Use this procedure when the management cluster runs cluster-api-provider-hcs v1.0.1 or later. Earlier controller versions render dotted HCSMachineConfigPool.spec.configs[].hostname values as the full FQDN string in the POSIX hostname, which breaks hostname -f and can also block kubeadm init.

Overview

Two conditions must both be true for a node to expose the supported hostname / FQDN behavior:

  1. The node's HCSMachineConfigPool.spec.configs[].hostname entry contains a dot (FQDN form, for example master-1.example.org).
  2. The node was first booted by cluster-api-provider-hcs v1.0.1 or later.

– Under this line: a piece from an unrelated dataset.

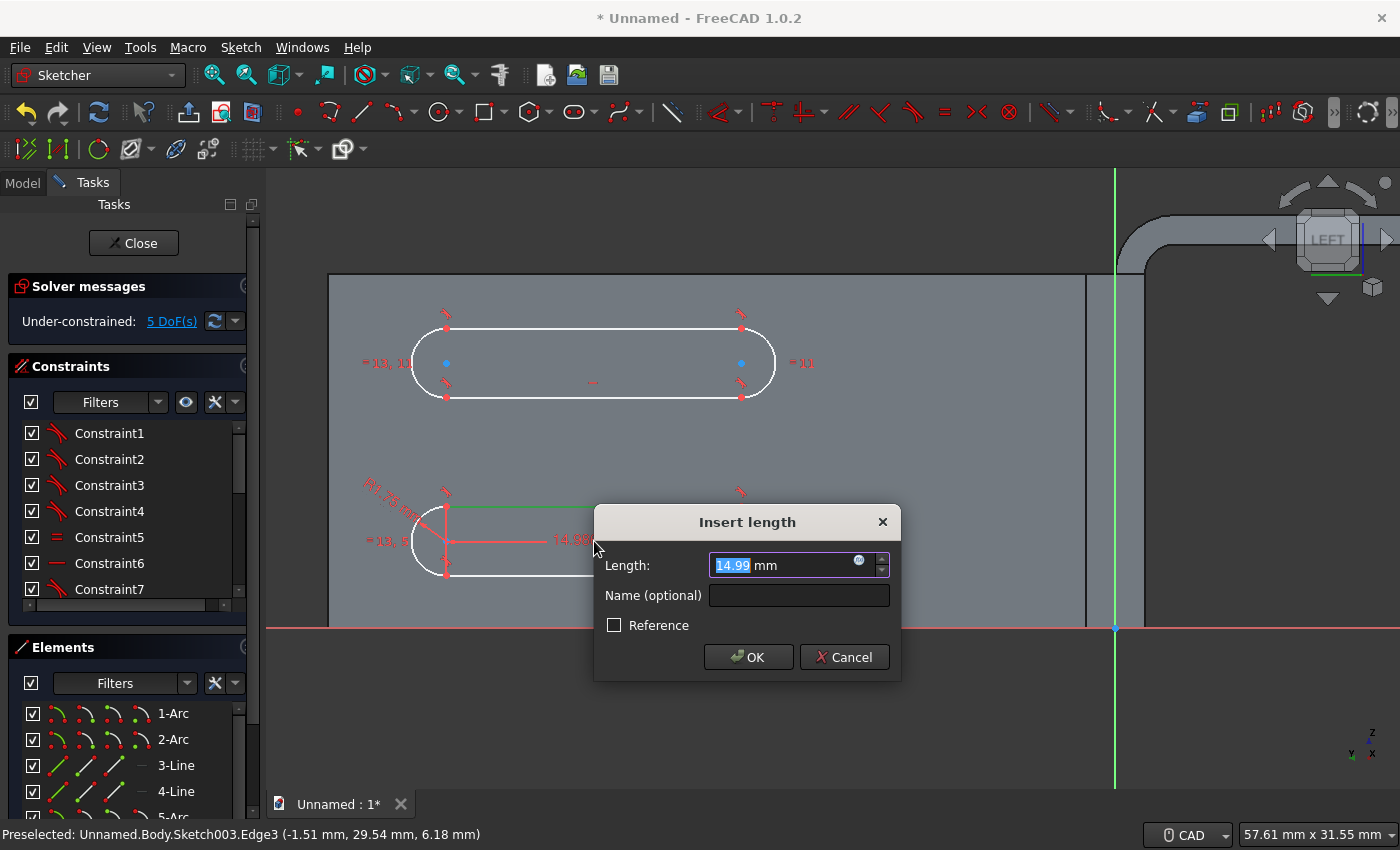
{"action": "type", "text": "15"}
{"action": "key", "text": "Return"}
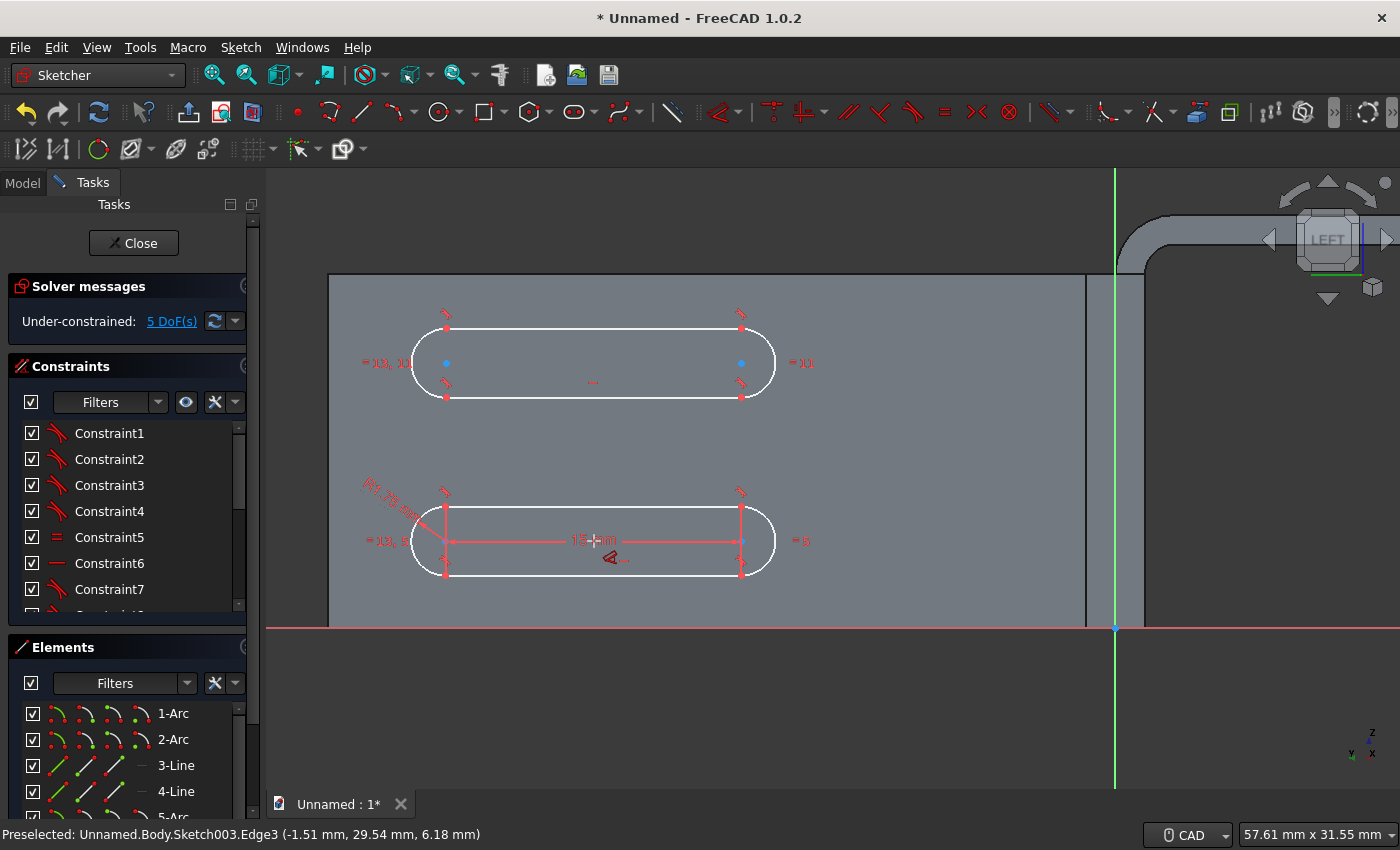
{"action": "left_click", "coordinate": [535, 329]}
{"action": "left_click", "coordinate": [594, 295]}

Existing nodes booted under the older controller continue to use the cloud-init user-data they received on first boot, so editing manifests or re-applying user-data does not retroactively change their hostname behavior. The supported migration path is to replace those nodes through Cluster API rolling replacement, with the upgraded controller already installed and Ready on the management cluster.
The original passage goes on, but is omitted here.